Data under study:

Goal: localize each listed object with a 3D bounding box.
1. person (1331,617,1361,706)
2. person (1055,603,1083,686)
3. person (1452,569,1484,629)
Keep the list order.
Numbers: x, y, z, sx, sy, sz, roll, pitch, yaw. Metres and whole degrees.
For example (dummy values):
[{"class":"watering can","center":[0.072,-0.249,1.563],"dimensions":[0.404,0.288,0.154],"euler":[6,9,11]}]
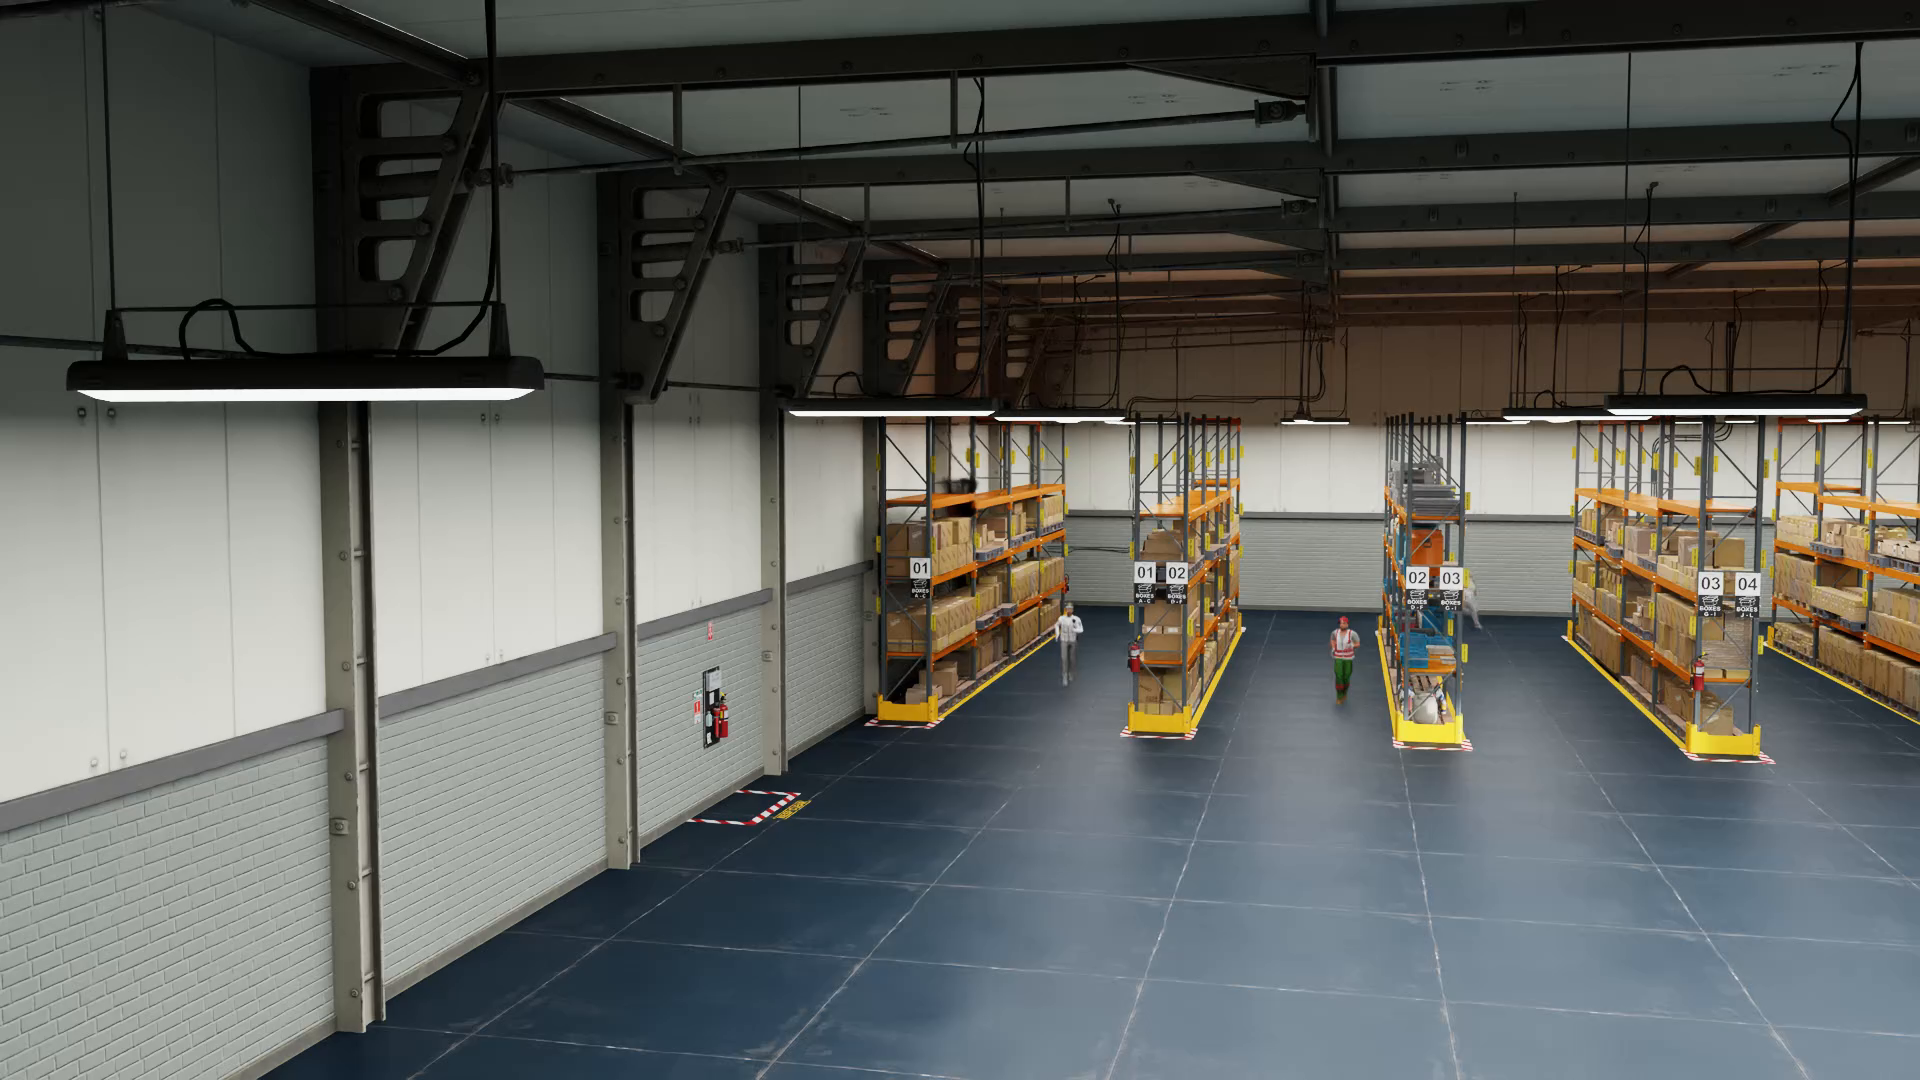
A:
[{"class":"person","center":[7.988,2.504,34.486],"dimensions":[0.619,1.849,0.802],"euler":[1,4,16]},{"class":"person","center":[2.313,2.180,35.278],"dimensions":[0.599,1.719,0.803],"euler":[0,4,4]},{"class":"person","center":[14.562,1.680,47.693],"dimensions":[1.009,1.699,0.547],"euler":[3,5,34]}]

Task requirements:
Reproduce word for word the lines from the line with "2. person (1055,603,1083,686)" to the end of the entries above, both included, but leave the pictures out.

Result of this exercise:
2. person (1055,603,1083,686)
3. person (1452,569,1484,629)
Keep the list order.
Numbers: x, y, z, sx, sy, sz, roll, pitch, yaw. Metres and whole degrees.
For example (dummy values):
[{"class":"watering can","center":[0.072,-0.249,1.563],"dimensions":[0.404,0.288,0.154],"euler":[6,9,11]}]
A:
[{"class":"person","center":[7.988,2.504,34.486],"dimensions":[0.619,1.849,0.802],"euler":[1,4,16]},{"class":"person","center":[2.313,2.180,35.278],"dimensions":[0.599,1.719,0.803],"euler":[0,4,4]},{"class":"person","center":[14.562,1.680,47.693],"dimensions":[1.009,1.699,0.547],"euler":[3,5,34]}]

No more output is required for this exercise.